I have a query that is using ORDER BY RAND()
but it takes too long and it's getting worse as data is growing.
The query joins two tables and it returns 5 random products and a random image of each product
Table 1 - Products
product_id - pk auto-inc
name
description
Data
1 - product 1 - description
2 - product 2 - description
Table 2 - ProductImages
image_id - pk auto-inc
product_id - fk index
filename
Data
1 - 1 - product 1 image
2 - 1 - product 1 image
3 - 1 - product 1 image
4 - 2 - product 2 image
...
I've read this and this but cannot find a way to optimize the query so i'm asking for help.
Thanks in advance.
ORDER BY RAND()
is slow because the DBMS has to read all rows, sort them all, just to keep only a few rows.
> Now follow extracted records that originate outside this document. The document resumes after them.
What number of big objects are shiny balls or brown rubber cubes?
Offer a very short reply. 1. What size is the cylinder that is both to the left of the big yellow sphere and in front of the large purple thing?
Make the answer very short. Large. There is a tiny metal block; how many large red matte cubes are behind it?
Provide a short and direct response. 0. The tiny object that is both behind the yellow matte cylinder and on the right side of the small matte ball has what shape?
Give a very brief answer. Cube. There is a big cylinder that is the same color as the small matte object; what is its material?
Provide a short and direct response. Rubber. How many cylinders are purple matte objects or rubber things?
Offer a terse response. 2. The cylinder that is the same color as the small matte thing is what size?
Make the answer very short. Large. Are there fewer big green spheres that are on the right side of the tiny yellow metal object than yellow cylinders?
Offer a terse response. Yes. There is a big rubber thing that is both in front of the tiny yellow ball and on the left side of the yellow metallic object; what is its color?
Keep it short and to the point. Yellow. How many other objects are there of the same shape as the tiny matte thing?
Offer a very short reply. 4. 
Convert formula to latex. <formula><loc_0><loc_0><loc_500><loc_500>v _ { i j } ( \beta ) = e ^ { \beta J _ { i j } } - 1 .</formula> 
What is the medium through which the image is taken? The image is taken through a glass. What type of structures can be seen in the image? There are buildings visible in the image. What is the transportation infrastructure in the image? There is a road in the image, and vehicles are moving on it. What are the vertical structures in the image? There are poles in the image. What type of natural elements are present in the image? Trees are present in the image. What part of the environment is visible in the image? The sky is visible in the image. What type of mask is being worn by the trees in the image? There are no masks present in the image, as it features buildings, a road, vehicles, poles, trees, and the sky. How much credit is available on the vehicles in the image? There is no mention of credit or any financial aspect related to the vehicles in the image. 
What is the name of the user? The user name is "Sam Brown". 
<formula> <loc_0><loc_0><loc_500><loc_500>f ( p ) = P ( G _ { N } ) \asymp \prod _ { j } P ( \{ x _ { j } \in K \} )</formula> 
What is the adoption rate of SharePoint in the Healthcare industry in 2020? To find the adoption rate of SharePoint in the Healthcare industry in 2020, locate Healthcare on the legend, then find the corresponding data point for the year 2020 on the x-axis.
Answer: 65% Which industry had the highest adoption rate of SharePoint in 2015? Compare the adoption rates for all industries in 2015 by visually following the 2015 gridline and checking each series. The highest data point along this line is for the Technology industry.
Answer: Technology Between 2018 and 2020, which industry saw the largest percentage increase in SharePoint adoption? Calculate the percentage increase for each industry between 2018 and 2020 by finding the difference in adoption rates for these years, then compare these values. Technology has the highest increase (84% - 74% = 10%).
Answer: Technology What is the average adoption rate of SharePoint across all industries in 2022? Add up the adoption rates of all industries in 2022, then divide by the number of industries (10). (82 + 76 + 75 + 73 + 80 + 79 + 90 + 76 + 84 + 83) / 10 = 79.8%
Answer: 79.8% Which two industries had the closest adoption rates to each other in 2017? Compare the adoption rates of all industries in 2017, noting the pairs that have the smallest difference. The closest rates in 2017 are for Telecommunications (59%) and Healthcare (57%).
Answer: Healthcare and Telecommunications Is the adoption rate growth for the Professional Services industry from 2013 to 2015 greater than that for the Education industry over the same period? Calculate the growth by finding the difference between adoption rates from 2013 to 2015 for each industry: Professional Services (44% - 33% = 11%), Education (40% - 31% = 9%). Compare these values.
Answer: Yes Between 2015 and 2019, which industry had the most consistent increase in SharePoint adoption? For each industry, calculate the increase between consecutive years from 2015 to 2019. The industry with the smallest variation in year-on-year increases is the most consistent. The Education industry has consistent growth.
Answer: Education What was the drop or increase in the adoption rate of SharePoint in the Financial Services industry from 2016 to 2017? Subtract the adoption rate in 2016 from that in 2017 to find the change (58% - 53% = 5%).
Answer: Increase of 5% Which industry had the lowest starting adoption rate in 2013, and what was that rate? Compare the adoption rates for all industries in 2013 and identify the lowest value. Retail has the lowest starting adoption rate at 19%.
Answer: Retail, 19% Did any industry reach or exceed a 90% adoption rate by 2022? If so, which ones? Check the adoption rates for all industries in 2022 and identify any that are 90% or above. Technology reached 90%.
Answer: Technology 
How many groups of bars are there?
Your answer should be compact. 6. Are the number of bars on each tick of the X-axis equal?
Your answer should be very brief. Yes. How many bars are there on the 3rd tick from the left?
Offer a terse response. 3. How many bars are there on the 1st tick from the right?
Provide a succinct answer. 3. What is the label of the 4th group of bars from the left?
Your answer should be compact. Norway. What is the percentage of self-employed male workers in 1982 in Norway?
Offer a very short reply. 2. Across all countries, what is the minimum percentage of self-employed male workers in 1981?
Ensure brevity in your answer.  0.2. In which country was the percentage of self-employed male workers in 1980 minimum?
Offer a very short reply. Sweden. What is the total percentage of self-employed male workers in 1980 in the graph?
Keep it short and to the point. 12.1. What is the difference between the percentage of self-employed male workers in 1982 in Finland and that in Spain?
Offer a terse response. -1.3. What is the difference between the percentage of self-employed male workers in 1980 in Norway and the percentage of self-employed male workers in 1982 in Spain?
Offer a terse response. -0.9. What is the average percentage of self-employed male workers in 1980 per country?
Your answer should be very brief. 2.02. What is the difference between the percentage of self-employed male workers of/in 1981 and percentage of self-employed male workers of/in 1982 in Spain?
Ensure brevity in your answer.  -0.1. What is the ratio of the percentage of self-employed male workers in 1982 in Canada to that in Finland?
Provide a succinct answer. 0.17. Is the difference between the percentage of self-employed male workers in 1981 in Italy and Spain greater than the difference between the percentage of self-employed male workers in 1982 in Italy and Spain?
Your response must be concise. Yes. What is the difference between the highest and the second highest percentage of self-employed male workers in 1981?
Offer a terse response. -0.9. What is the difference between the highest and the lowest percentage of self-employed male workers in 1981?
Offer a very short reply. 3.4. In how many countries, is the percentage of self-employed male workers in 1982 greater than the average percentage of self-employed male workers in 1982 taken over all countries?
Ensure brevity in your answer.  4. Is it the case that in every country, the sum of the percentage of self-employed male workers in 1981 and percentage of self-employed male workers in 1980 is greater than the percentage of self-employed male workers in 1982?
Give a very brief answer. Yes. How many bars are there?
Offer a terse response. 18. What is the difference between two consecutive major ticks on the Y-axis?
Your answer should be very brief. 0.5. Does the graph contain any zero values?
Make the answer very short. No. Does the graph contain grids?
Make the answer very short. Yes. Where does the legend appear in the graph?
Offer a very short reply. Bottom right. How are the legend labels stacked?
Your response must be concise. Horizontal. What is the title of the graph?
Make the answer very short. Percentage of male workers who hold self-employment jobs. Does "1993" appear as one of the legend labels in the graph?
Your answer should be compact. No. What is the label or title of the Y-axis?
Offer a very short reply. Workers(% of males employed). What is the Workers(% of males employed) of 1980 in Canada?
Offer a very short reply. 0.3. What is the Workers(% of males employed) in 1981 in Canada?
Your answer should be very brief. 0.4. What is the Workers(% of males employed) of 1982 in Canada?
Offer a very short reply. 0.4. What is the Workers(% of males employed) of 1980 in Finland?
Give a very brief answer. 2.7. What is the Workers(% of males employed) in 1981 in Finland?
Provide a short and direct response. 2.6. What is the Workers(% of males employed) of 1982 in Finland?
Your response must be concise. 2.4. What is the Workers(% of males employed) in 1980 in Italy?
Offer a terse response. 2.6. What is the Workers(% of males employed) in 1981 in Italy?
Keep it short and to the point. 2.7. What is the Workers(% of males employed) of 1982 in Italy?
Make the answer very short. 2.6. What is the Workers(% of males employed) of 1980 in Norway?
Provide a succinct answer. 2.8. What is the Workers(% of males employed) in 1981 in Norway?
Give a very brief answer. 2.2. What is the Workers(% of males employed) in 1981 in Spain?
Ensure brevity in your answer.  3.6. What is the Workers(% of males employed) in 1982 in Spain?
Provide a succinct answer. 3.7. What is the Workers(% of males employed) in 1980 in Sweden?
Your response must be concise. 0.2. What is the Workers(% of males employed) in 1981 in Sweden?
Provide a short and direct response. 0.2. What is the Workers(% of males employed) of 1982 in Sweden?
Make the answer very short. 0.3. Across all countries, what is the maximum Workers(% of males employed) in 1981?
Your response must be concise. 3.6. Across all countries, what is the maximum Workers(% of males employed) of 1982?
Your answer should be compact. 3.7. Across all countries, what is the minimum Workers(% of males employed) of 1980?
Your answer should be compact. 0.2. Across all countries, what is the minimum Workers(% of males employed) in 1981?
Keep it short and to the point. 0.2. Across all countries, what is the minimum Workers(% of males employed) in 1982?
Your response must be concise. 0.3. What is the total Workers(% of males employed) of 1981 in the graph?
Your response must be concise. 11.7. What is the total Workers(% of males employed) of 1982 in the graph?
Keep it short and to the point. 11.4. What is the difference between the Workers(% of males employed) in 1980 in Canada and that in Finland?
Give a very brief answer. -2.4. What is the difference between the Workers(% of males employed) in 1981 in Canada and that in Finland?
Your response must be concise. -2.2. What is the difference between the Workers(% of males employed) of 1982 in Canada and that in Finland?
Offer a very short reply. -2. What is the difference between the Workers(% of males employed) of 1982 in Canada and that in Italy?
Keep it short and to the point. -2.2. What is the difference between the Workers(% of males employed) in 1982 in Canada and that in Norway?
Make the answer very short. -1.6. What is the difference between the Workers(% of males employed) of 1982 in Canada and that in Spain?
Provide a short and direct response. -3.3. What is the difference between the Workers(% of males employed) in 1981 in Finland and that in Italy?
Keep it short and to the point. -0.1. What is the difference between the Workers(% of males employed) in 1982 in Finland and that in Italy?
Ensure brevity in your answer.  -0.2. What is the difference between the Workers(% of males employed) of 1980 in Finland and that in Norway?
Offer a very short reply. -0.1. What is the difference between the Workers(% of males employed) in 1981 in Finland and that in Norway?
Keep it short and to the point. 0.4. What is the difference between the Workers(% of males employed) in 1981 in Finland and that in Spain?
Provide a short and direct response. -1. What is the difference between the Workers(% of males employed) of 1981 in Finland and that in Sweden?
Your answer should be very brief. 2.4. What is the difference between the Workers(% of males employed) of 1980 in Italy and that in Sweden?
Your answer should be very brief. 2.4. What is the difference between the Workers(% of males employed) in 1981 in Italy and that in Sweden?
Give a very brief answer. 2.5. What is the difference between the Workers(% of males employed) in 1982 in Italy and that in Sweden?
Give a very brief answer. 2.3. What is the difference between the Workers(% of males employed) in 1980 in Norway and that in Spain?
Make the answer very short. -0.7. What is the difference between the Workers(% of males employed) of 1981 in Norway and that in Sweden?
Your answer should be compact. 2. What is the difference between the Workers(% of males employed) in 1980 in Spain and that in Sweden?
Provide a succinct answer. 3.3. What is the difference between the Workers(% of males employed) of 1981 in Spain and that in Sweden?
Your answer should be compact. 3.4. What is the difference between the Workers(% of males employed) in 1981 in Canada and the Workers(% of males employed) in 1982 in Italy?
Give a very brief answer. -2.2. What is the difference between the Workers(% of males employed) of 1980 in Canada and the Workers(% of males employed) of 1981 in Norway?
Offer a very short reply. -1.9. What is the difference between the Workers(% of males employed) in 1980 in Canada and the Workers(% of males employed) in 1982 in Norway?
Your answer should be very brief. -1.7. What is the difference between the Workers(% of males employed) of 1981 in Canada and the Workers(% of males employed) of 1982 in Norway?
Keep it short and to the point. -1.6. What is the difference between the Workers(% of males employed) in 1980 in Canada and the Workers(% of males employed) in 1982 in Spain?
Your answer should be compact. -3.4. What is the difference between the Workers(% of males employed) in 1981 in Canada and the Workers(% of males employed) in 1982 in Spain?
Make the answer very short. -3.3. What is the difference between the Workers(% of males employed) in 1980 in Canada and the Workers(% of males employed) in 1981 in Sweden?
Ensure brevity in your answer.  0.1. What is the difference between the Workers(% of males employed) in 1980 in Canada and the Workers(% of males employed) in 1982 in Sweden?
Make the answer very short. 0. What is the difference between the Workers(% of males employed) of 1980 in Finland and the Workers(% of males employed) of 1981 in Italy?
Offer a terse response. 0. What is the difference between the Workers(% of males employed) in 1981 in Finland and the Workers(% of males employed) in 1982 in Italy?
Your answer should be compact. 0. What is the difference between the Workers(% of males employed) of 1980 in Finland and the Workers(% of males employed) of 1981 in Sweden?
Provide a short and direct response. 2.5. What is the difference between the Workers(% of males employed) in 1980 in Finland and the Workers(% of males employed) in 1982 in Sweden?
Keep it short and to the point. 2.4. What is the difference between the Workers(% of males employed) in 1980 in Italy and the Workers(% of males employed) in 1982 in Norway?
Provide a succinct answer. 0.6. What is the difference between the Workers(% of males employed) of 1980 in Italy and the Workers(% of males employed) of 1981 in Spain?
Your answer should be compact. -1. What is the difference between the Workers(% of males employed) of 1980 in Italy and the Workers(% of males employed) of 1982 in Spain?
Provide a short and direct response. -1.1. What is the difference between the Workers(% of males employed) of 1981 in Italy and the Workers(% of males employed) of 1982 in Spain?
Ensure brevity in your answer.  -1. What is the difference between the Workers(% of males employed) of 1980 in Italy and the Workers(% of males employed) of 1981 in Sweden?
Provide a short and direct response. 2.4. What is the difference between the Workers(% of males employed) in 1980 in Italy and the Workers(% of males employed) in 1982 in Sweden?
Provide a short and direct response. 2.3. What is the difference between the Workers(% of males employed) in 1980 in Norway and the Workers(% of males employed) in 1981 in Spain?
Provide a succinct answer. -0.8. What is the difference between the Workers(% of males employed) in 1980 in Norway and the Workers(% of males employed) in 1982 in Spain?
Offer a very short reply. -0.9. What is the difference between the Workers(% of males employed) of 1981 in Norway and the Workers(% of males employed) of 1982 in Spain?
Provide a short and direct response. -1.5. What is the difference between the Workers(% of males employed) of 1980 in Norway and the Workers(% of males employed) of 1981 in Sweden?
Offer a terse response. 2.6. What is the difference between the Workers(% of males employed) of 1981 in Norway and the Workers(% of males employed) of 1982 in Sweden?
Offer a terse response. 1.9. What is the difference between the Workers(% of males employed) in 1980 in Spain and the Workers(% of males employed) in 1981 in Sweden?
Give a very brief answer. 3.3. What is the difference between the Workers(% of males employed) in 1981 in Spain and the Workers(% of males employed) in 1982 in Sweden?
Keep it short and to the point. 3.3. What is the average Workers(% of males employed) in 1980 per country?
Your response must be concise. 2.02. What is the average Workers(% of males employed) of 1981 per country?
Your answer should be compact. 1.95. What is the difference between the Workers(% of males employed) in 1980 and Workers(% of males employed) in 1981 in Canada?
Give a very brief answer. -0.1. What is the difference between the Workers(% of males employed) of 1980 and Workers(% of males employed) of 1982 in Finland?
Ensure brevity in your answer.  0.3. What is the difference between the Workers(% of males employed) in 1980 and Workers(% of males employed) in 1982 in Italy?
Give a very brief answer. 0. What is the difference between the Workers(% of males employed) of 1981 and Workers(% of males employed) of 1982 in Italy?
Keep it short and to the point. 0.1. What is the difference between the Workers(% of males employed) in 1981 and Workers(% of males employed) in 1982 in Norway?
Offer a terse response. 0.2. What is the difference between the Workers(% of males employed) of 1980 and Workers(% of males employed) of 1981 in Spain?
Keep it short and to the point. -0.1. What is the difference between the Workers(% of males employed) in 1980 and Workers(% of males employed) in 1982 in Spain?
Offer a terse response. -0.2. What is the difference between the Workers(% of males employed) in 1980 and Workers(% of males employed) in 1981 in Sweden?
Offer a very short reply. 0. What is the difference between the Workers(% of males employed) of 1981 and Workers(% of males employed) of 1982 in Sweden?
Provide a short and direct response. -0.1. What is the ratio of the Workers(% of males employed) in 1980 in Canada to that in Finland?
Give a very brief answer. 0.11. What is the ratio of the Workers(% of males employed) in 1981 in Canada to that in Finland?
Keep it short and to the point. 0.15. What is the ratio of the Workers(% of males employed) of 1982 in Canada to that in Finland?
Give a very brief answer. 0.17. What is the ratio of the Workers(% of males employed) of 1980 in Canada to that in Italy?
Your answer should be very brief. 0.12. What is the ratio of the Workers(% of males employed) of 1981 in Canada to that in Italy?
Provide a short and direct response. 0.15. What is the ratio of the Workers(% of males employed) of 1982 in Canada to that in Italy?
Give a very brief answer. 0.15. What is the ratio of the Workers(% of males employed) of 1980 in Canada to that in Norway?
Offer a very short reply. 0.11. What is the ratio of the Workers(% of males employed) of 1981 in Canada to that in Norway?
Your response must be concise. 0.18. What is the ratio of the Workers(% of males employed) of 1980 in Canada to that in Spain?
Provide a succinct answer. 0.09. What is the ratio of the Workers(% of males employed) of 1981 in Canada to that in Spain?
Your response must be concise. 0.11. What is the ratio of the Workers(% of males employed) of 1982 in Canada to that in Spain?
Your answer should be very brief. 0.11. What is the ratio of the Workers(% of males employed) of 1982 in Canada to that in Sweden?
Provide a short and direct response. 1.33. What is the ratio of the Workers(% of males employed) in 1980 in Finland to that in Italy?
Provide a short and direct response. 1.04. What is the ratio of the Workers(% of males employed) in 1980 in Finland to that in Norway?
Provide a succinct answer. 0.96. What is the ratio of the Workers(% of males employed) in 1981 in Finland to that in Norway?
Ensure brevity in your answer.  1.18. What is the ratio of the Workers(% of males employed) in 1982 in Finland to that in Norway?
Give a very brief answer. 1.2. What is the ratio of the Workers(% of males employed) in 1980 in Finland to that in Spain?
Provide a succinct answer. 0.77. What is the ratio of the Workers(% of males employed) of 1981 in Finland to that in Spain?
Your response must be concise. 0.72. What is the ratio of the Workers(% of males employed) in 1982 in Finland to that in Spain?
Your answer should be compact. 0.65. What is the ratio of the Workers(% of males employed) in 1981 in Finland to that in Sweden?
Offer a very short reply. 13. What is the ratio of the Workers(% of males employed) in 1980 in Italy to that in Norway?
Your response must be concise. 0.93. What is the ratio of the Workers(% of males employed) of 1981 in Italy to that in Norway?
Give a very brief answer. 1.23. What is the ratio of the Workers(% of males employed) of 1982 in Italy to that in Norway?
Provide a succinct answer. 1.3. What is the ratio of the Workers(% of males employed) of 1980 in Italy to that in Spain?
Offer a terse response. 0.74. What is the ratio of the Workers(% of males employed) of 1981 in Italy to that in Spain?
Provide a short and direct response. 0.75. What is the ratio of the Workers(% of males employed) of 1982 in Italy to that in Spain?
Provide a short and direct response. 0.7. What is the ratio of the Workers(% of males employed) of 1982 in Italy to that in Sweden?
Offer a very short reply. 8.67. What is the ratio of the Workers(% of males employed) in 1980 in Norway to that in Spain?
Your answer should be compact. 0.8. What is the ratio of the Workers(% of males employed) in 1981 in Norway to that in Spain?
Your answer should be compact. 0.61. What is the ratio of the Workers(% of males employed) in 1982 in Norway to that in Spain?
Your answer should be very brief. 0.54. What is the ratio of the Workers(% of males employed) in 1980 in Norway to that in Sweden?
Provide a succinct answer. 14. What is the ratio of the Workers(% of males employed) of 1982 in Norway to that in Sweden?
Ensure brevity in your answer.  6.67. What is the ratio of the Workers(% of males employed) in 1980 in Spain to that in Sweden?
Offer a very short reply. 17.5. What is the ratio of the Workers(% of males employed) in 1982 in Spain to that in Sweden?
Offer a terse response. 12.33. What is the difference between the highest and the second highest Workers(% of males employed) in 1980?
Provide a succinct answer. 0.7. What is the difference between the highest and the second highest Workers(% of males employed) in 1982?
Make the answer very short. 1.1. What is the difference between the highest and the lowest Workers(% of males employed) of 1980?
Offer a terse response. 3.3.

So the performance of this query heavily depends on the number of rows in the table, and decreases as the number of rows increase.
There is no way to optimize that.
There are alternatives, however:
You can implement "get 5 random rows" by doing 6 queries:
- get number of rows in table (you can cache this one)
do 5 queries with OFFSET <random offset from 0 to $number_of_rows-1> LIMIT 1
(i.e. read and return only one row from some random offset)
For example: SELECT * FROM Products OFFSET 42 LIMIT 1
(note: without joining, for now)
Such queries are very fast and run in a time virtually independent from the table size.
This should be much faster than ORDER BY RAND()
.
Now, to get a random Image for each random Product:
SELECT *
FROM (
SELECT *
FROM Products
OFFSET 42 LIMIT 1
) p
JOIN ProductImages pi
ON pi.product_id = p.id
ORDER BY RAND()
LIMIT 1
The inner query is still fast, and the outer is only sorting few rows (assuming there are few images per product), and so can still use order by rand().